_Data to process_:

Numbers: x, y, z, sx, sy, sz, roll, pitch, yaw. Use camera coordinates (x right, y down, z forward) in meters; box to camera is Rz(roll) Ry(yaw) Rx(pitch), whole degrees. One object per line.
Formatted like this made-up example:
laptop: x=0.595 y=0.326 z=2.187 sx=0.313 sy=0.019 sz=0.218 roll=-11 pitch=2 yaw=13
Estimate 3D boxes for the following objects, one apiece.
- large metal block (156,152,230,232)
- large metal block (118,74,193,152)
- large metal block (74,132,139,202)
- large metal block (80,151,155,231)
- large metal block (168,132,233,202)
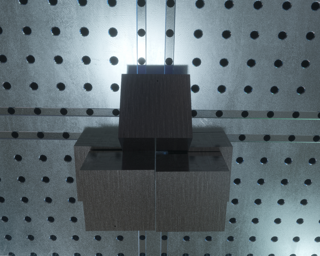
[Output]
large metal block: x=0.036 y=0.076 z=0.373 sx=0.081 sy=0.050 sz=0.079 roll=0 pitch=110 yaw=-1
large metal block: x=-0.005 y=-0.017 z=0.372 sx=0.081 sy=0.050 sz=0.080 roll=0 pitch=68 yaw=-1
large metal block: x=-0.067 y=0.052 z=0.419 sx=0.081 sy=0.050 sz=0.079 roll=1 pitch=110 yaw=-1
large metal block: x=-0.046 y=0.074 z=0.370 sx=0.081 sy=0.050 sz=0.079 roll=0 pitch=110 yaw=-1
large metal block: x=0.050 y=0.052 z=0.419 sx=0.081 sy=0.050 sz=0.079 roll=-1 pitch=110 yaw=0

* * *

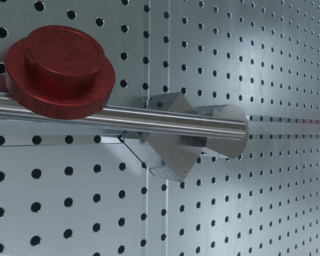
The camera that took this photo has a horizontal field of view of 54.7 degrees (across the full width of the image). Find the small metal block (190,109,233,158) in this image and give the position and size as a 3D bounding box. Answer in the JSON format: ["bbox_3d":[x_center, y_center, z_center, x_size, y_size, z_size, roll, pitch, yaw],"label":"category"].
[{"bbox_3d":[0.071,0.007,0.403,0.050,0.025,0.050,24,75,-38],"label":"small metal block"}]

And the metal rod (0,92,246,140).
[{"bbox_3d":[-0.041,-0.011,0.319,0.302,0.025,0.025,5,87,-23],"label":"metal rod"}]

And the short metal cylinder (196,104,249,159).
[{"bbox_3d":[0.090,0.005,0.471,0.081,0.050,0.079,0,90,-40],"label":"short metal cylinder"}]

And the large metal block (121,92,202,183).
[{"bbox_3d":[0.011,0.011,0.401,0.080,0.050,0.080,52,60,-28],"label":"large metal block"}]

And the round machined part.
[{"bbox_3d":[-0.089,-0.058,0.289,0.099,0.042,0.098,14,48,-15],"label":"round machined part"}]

_What is being asked_: Reproduce exactly the section above that begins at the line containing "- large metal block (74,132,139,202)" and ends at the line containing "- large metal block (168,132,233,202)", leaving out all other lines.

_Reply_:
- large metal block (74,132,139,202)
- large metal block (80,151,155,231)
- large metal block (168,132,233,202)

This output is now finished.